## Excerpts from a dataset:

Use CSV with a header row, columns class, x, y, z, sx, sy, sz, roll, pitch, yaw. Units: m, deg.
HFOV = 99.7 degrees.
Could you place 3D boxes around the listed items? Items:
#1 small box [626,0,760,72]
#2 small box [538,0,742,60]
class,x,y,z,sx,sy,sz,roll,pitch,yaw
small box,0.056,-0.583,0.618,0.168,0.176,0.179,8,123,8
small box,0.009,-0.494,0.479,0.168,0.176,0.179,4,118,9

---

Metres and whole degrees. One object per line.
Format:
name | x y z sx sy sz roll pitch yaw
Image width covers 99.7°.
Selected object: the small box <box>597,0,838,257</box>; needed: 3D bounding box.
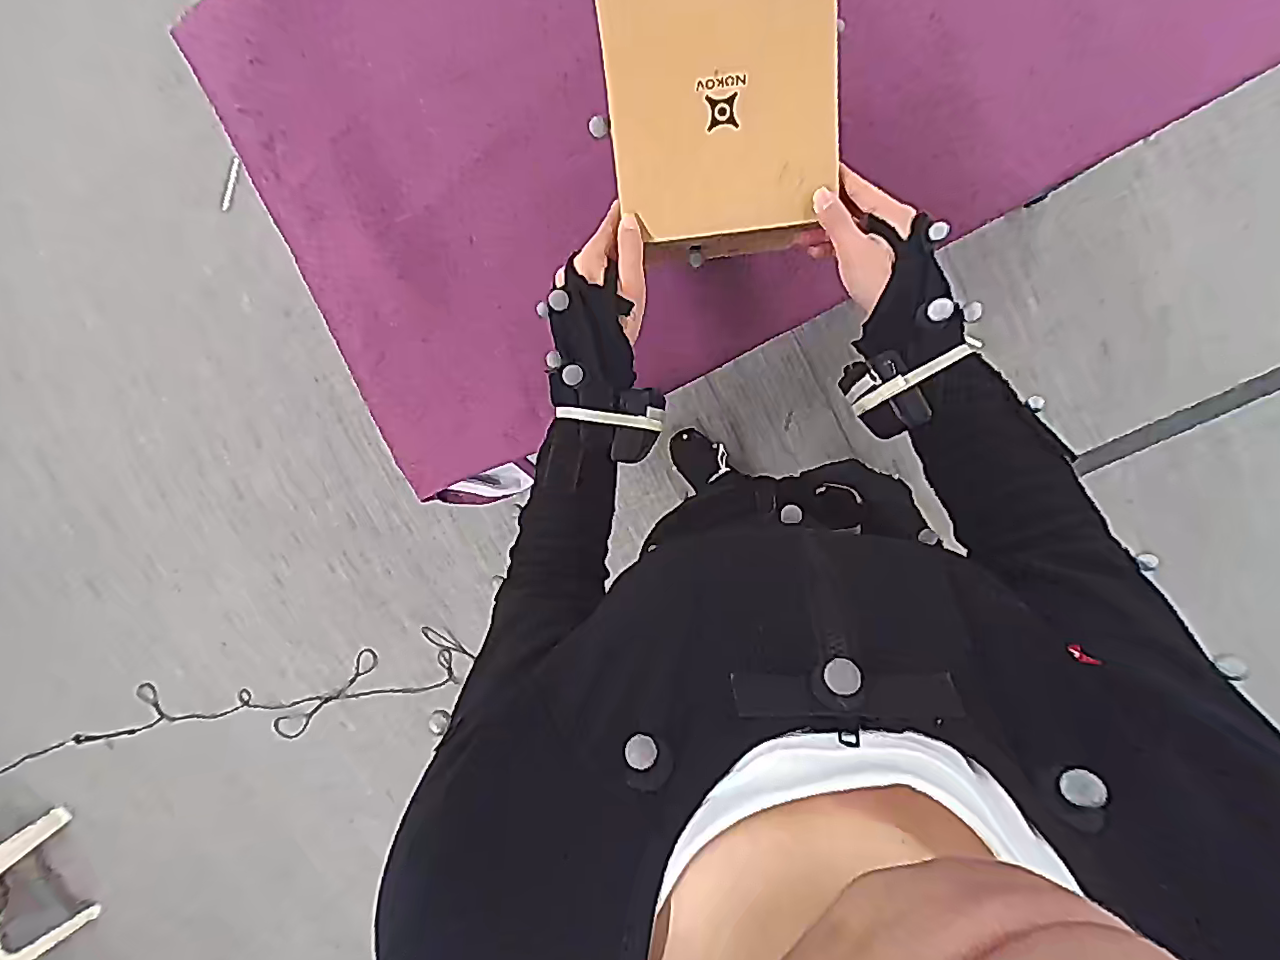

## Directions for this task:
Filter the records down to the lines that contain the string "degrees", and copy those lines.

## Response:
HFOV = 99.7 degrees.
Metres and whole degrees. One object per line.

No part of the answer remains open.